Mateo precisó que el término "química" hace referencia al uso de fármacos y no a una intervención quirúrgica. Indicó que este tratamiento "bloquea la producción de la testosterona", pero que sus efectos desaparecen una vez se suspende la medicación, momento en el que la hormona vuelve a producirse de forma natural.

Diferencia entre castración química y quirúrgica

El especialista explicó que la principal diferencia entre la castración química y la castración quirúrgica radica en su carácter reversible.

Mientras la primera depende del suministro continuo de medicamentos, la segunda consiste en la extirpación de los testículos, lo que elimina de manera permanente la producción de testosterona.

    "La castración quirúrgica es irreversible", señaló Mateo.

    El urólogo indicó que la castración química se emplea de forma regular en la práctica médica, especialmente en pacientes con cáncer de próstata, tanto en etapas iniciales como avanzadas. Explicó que en algunos casos se utiliza de manera temporal para reducir los niveles hormonales antes de aplicar otros tratamientos, como la radioterapia.

    Señaló que, en pacientes con cáncer localizado, una vez finalizado el protocolo médico, que puede durar entre ocho y doce meses, la producción hormonal se restablece y el paciente puede recuperar su función sexual si no presentaba dificultades previas.

    Mateo explicó que al bloquear la testosterona, el paciente experimenta una disminución significativa del deseo sexual. Indicó que "no va a tener deseo sexual porque al bloquear la hormona", y que estos efectos varían dependiendo de si el tratamiento es temporal o permanente.

    En los casos de cáncer de próstata avanzado con metástasis, el bloqueo hormonal suele mantenerse de por vida, lo que implica una supresión sostenida de la libido y cambios prolongados en la esfera sexual del paciente.

    Limitaciones del procedimiento

    El especialista aclaró que la castración química no actúa sobre los pensamientos ni sobre los componentes psicológicos de la conducta, ya que su efecto se limita a la producción hormonal.
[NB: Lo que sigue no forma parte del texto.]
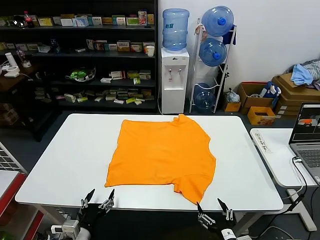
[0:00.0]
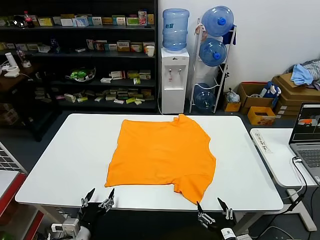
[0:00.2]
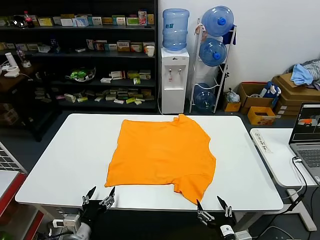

Indicó que, aunque reduce la testosterona, el manejo de aspectos mentales o conductuales corresponde al ámbito de la psiquiatría y la psicología.

    Señaló que la disminución hormonal puede afectar el estado de ánimo y la autoestima del paciente, al provocar cambios emocionales y físicos asociados a la baja de testosterona.

    Consideraciones sobre su aplicación

    Durante la entrevista, Mateo también abordó los desafíos prácticos del uso de la castración química, señalando que se trata de un tratamiento costoso y de acceso limitado en algunos contextos.

    Explicó que, incluso en pacientes oncológicos, en ocasiones se recurre a la castración quirúrgica debido a la dificultad para sostener el tratamiento farmacológico de forma continua.

    El especialista reiteró que la castración química es una herramienta médica con indicaciones específicas y que su aplicación debe evaluarse dentro de un contexto clínico, tomando en cuenta tanto los efectos físicos como los psicológicos del paciente.